I don't know why you can't wrap your head around it.
-Mike
Simple. My question: does the movie allow for Han to have spoken those words?
If no, then they never left his mouth, the book is wrong, as it would then, have put words in Han's mouth he never and could never have pronounced.
That's my position. As I can't verify on my own, that's why I'm asking you to tell me if Han could have said these words like they're put in the book.
Instead of coming with a simple reply, you obviously keep evading the question, which in my opinion is done because you don't seem to accept the resulting conclusion.
Kane Starkiller wrote:Mr. Oragahn wrote:I'm not sure he meant next day as day x+2, as within: day x (now), day x+1 (tomorrow) and day x+2 (next day).
I think next day was, well, just what you get just after midnight has ticked.
No what he meant to say is that dawn at which Anakin embarks for Geonosis and dawn at which Mace talks with Yoda are two different dawns. Therefore he concludes that it took at least 21 hours for Anakin and Amidala to get there. He doesn't explain why we should assume that those are two different dawns. It is obvious that it is one and the same dawn unless Mace waited 21 hours to finally decide to send help to Obi-Wan. Thus the actual trip was no more than an hour or so.

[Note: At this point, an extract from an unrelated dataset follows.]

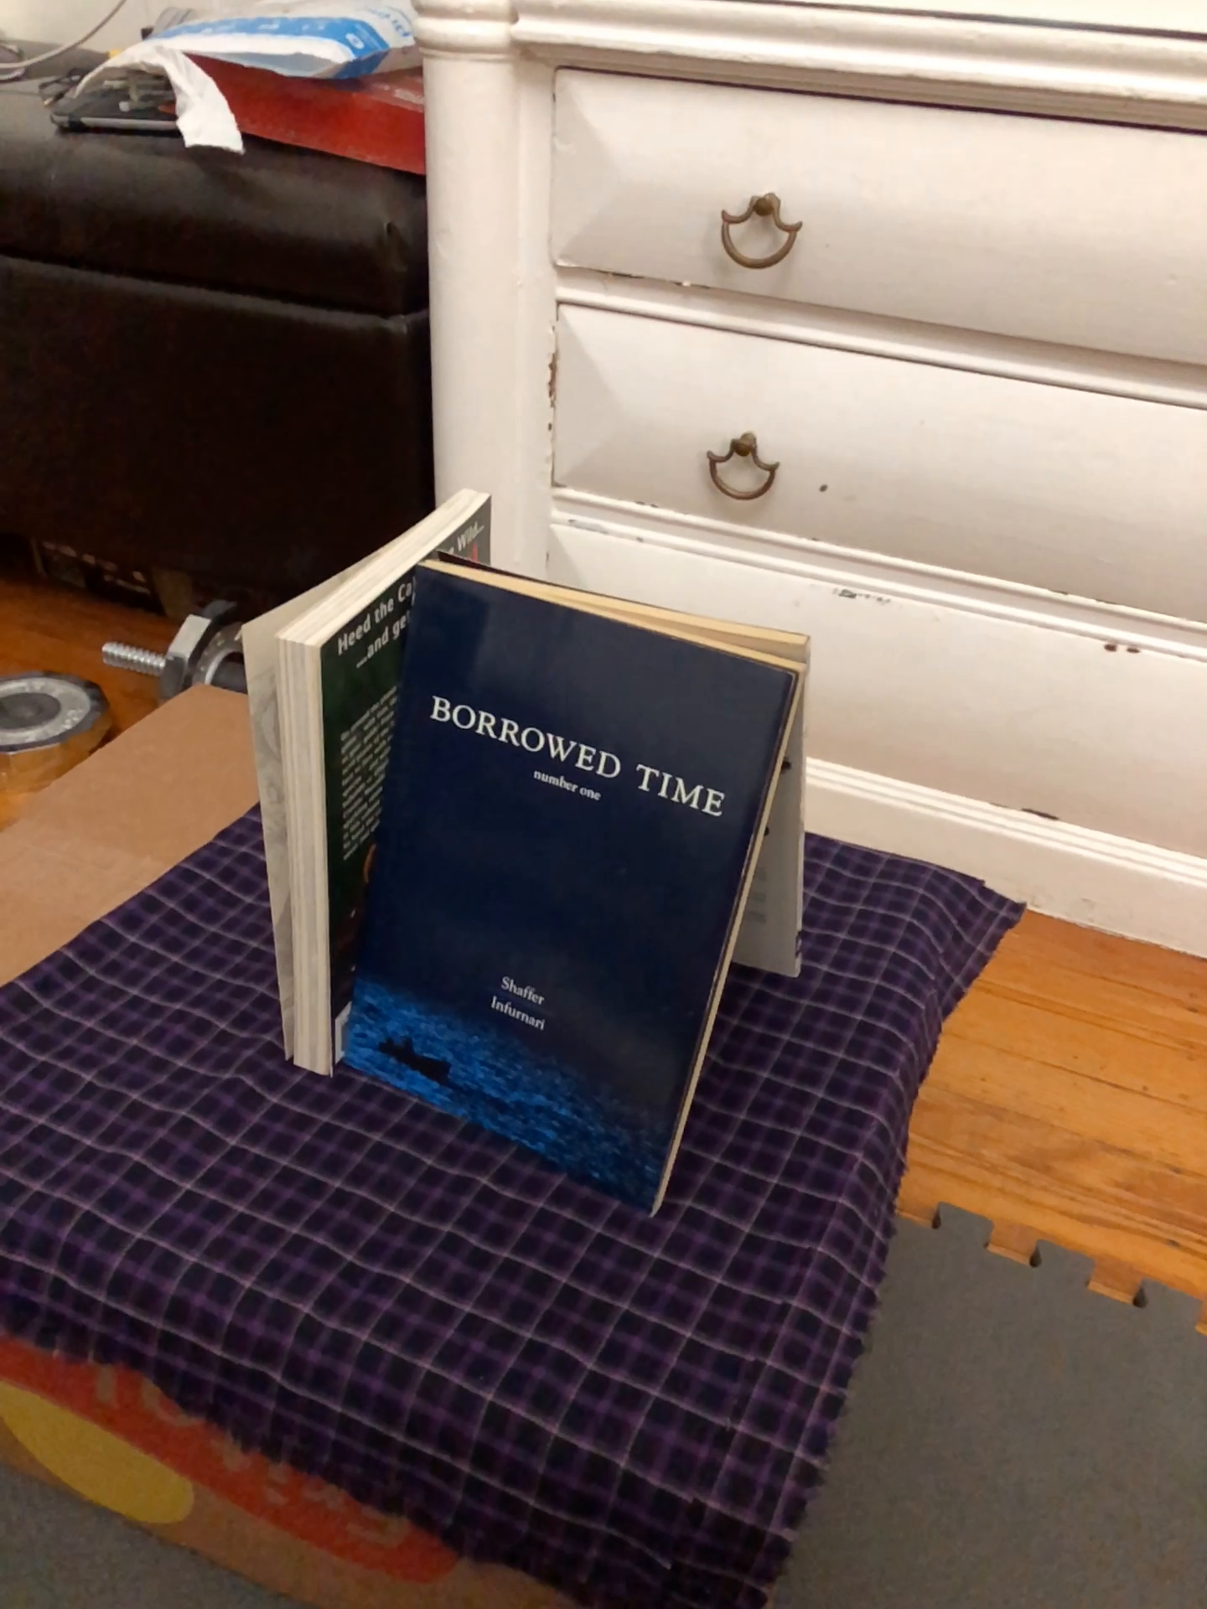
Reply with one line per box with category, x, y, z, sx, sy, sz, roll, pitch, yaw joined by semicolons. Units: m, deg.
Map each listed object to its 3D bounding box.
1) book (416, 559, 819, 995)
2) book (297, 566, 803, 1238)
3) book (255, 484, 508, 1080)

I see the problem here. The lighting in the senate scene at dawn seems rather faint, while it should be definitively brighter than what it was when all the club was having a meeting at Palpatine's office, while looking the late relayed message from Obi-Wan.
Sunrises are rather fast, and no matter transport Windu would have took, the mere fact of leaving Palpatine's office, and going into the alcove to meet Yoda, would a good number of minutes.
Even more, since Yoda was already there, while both Windu and Yoda were in the same room when Obi-Wan's message arrived.
In terms of bureaucracy, it is believable that it would take several hours to organize the senate session. Actually, I can't really picture, logically, such an important senate sessions occuring a mere tens of minute after the message scene.
Saying it is unlikely would be an understatement. What was about to happen in the senate is not something that occurs lightly. But, on the same hand, it is possible that a senate session was planned anyway, and about to start 15 minutes after the message scene.
It feels a tad rushed, but it could fit.
That said, if Robert's day long estimate is wrong, I don't see how those saying the dawns are the same could claim any travel time.
Because when the film leaves the senate, after Palpatine announcing the Grand Army and Yoda and Windu deciding what to do, there's no way to prove that Padmé and Anakin's arrival at Geonosis occurs immediately thereafter.
The camera cuts, and the cuts in SW are notorious for swallowing periods which can be rather long.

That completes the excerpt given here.